= Kids 4 Afghan Kids =

US-based non-profit organization

Kids 4 Afghan Kids is a non-profit organization that seeks to provide education and medical aid to Afghanistan children and their families. It was started in 1998 by a group of 6th graders in Northville, Michigan. The program is officially called the 'Multi-Ethnic Afghan Schools and Humanitarian Assistance' and has raised over $100,000 toward their efforts.

==Overview==
Kids 4 Afghan Kids is a child powered and child driven charity organization. Originally, Kids 4 Afghan Kids was solely helped through the volunteering of students attending Northville Public Schools, but the project has gained more support across the region and has volunteers from many different difference schools. Kids 4 Afghan Kids dedicated its time to raising money in the United States, which all goes to help fund aspects of the Afghan village. In the 17 years it since its founding, Kids 4 Afghan Kids has raised funding to build multiple schools, provide clean drinking water, create gardens filled with vegetable and fruit trees, and the money to hire teachers and medical staff. Kids 4 Afghan Kids raises its funds though direct donations and fundraisers, where Kids 4 Afghan Kids sells homemade baked goods and other snacks.
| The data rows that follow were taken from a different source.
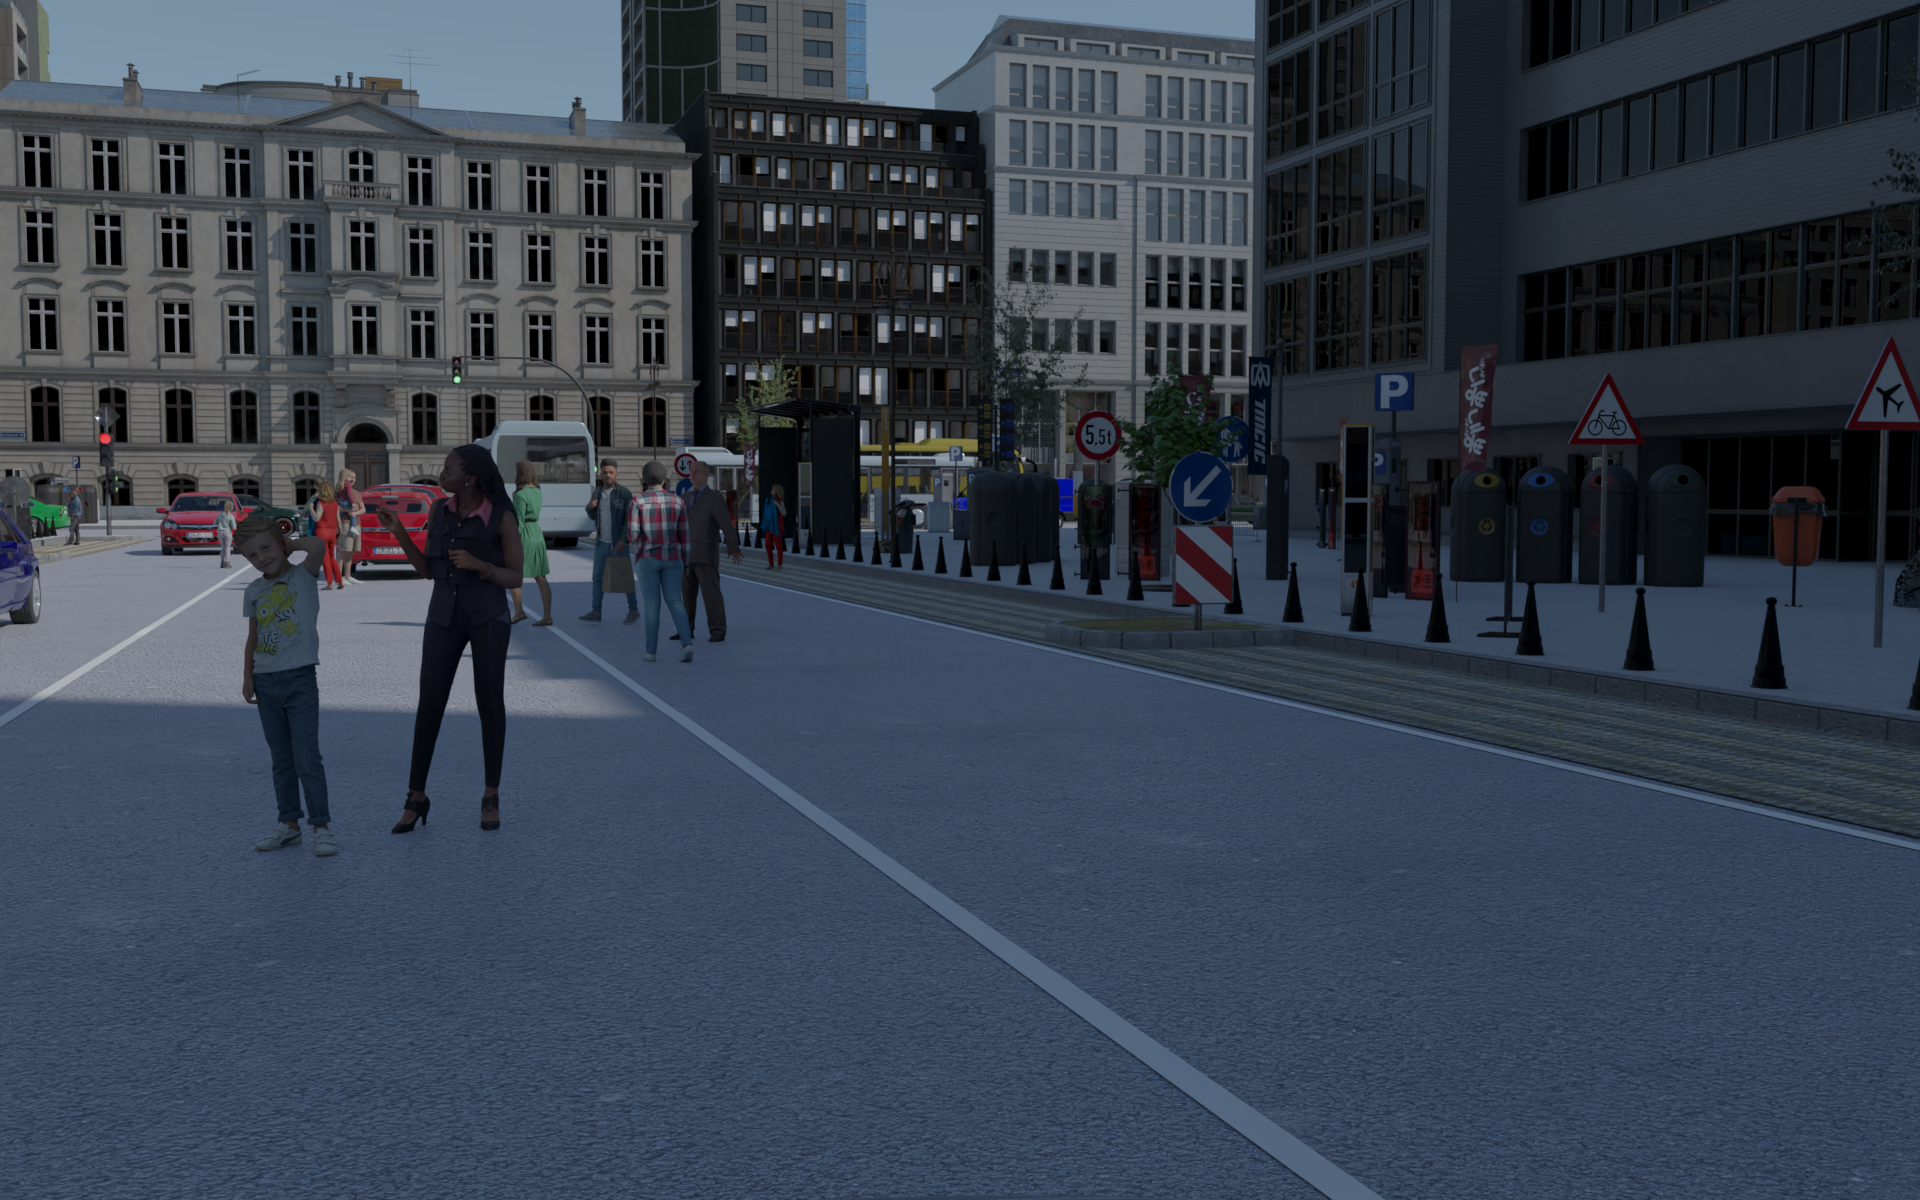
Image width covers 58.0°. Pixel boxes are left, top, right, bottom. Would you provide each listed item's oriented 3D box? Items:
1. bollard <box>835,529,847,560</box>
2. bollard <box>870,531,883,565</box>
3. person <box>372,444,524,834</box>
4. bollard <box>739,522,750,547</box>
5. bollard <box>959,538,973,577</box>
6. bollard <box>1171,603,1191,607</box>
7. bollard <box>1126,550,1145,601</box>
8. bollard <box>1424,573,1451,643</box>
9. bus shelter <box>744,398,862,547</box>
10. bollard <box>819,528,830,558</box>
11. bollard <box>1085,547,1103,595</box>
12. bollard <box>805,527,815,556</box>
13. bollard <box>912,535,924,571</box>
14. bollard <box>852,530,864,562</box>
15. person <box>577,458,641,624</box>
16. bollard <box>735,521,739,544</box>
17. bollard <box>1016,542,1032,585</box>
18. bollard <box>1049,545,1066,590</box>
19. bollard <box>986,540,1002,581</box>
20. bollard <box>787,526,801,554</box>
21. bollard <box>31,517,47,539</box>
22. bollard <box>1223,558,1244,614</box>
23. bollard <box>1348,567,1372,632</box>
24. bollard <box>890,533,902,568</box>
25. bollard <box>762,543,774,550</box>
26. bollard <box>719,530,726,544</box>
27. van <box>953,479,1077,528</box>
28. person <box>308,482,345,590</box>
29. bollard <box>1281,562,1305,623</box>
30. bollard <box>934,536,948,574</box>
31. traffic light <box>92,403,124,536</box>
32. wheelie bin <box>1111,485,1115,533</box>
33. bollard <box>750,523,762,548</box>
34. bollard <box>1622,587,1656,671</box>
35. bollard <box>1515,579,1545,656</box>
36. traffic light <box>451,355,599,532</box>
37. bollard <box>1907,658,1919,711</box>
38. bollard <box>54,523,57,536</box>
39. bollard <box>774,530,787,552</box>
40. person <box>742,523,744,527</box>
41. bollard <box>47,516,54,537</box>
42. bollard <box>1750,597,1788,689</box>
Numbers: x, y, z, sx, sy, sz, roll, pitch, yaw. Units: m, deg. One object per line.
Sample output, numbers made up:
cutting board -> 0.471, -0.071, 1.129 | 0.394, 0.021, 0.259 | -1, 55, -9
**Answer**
bollard -> -2.329, -1.088, 33.833 | 0.229, 0.601, 0.229 | 0, 3, 0
bollard -> -1.517, -0.945, 31.485 | 0.229, 0.601, 0.229 | 0, 3, 0
person -> -2.154, 0.160, 7.350 | 0.593, 1.643, 0.415 | -2, 4, -34
bollard -> -5.173, -1.593, 42.093 | 0.229, 0.601, 0.229 | 0, 3, 0
bollard -> 0.093, -0.657, 26.788 | 0.229, 0.601, 0.229 | 0, 3, 0
bollard -> 2.523, -0.226, 19.734 | 0.229, 0.601, 0.229 | 0, 3, 0
bollard -> 2.120, -0.298, 20.913 | 0.229, 0.601, 0.229 | 0, 3, 0
bollard -> 4.145, 0.063, 15.015 | 0.229, 0.601, 0.229 | 0, 3, 0
bus shelter -> -4.154, -3.308, 45.370 | 1.731, 3.624, 6.357 | -1, 4, -19
bollard -> -2.735, -1.160, 35.012 | 0.229, 0.601, 0.229 | 0, 3, 0
bollard -> 1.715, -0.370, 22.086 | 0.229, 0.601, 0.229 | 0, 3, 0
bollard -> -3.137, -1.232, 36.186 | 0.229, 0.601, 0.229 | 0, 3, 0
bollard -> -0.710, -0.801, 29.135 | 0.229, 0.601, 0.229 | 0, 3, 0
bollard -> -1.923, -1.016, 32.657 | 0.229, 0.601, 0.229 | 0, 3, 0
person -> -3.782, -0.639, 18.934 | 0.794, 1.824, 0.713 | 3, 5, 41
bollard -> -5.574, -1.665, 43.267 | 0.229, 0.601, 0.229 | 0, 3, 0
bollard -> 0.905, -0.514, 24.438 | 0.229, 0.601, 0.229 | 0, 3, 0
bollard -> 1.311, -0.441, 23.259 | 0.229, 0.601, 0.229 | 0, 3, 0
bollard -> 0.502, -0.586, 25.617 | 0.229, 0.601, 0.229 | 0, 3, 0
bollard -> -3.541, -1.304, 37.358 | 0.229, 0.601, 0.229 | 0, 3, 0
bollard -> -26.892, -2.111, 50.551 | 0.229, 0.601, 0.229 | 0, 3, 0
bollard -> 2.933, -0.154, 18.552 | 0.229, 0.601, 0.229 | 0, 3, 0
bollard -> 3.744, -0.009, 16.189 | 0.229, 0.601, 0.229 | 0, 3, 0
bollard -> -1.116, -0.873, 30.307 | 0.229, 0.601, 0.229 | 0, 3, 0
bollard -> -4.350, -1.448, 39.716 | 0.229, 0.601, 0.229 | 0, 3, 0
bollard -> -5.976, -1.737, 44.445 | 0.229, 0.601, 0.229 | 0, 3, 0
van -> 1.876, -3.869, 67.642 | 5.245, 2.365, 2.240 | -1, 4, -19
person -> -9.456, -0.956, 25.829 | 0.593, 1.614, 0.444 | -3, 5, -43
bollard -> 3.342, -0.081, 17.362 | 0.229, 0.601, 0.229 | 0, 3, 0
bollard -> -0.306, -0.729, 27.963 | 0.229, 0.601, 0.229 | 0, 3, 0
traffic light -> -26.306, -3.948, 53.476 | 0.839, 4.253, 0.868 | -1, 4, -19
wheelie bin -> 4.962, -3.006, 57.058 | 0.980, 1.594, 0.693 | 0, 4, 5
bollard -> -4.764, -1.521, 40.911 | 0.229, 0.601, 0.229 | 0, 3, 0
bollard -> 4.962, 0.208, 12.642 | 0.229, 0.601, 0.229 | 0, 3, 0
bollard -> 4.555, 0.136, 13.825 | 0.229, 0.601, 0.229 | 0, 3, 0
traffic light -> -14.348, -5.063, 57.446 | 4.771, 5.953, 1.251 | -1, 4, -19
bollard -> 5.768, 0.351, 10.295 | 0.229, 0.601, 0.229 | 0, 3, 0
bollard -> -27.709, -2.255, 52.911 | 0.229, 0.601, 0.229 | 0, 3, 0
bollard -> -3.947, -1.376, 38.543 | 0.229, 0.601, 0.229 | 0, 3, 0
person -> -9.558, -4.047, 75.386 | 0.841, 1.734, 0.376 | -1, 4, -17
bollard -> -27.305, -2.183, 51.734 | 0.229, 0.601, 0.229 | 0, 3, 0
bollard -> 5.366, 0.280, 11.468 | 0.229, 0.601, 0.229 | 0, 3, 0

Village elders gave Kids 4 Afghan Kids some land to start its project. When the project started, several buildings were constructed for persons living in the area. The first school built was originally designed to house 150 students and six teachers were hired. Four hundred sixty five students showed up the first day of school. Currently there are four schools, boys and girls each have a high school and primary school. The project has expanded to include 2400 students. Students have class six days a week with Fridays off. Twenty one teachers work on the project and each has at least 100 students per class. Mathematics, social studies and science are taught in the high schools, similar to many Western schools. Dari and Pashto—the two national languages of Afghanistan—are also important subjects of the curriculum. Additionally, the project houses 110 orphans. The deep well provides safe drinking water, and the fruit and nut trees feed the children and families as well.

Kids 4 Afghan Kids has an account with Global Giving, a website dedicated to helping grass roots non profit organizations as well as larger charities. Kids 4 Afghan Kids only recently joined Global Giving, during the summer of 2015, and has raised approximately $5000 from the online fundraisers so far.

The director of the Kids 4 Afghan Kids program, Khris Nedam, is the teacher behind the project. Nedam taught school and lived in Afghanistan in the early 1990s. For her work, she received a 2007 National Award for Citizen Diplomacy.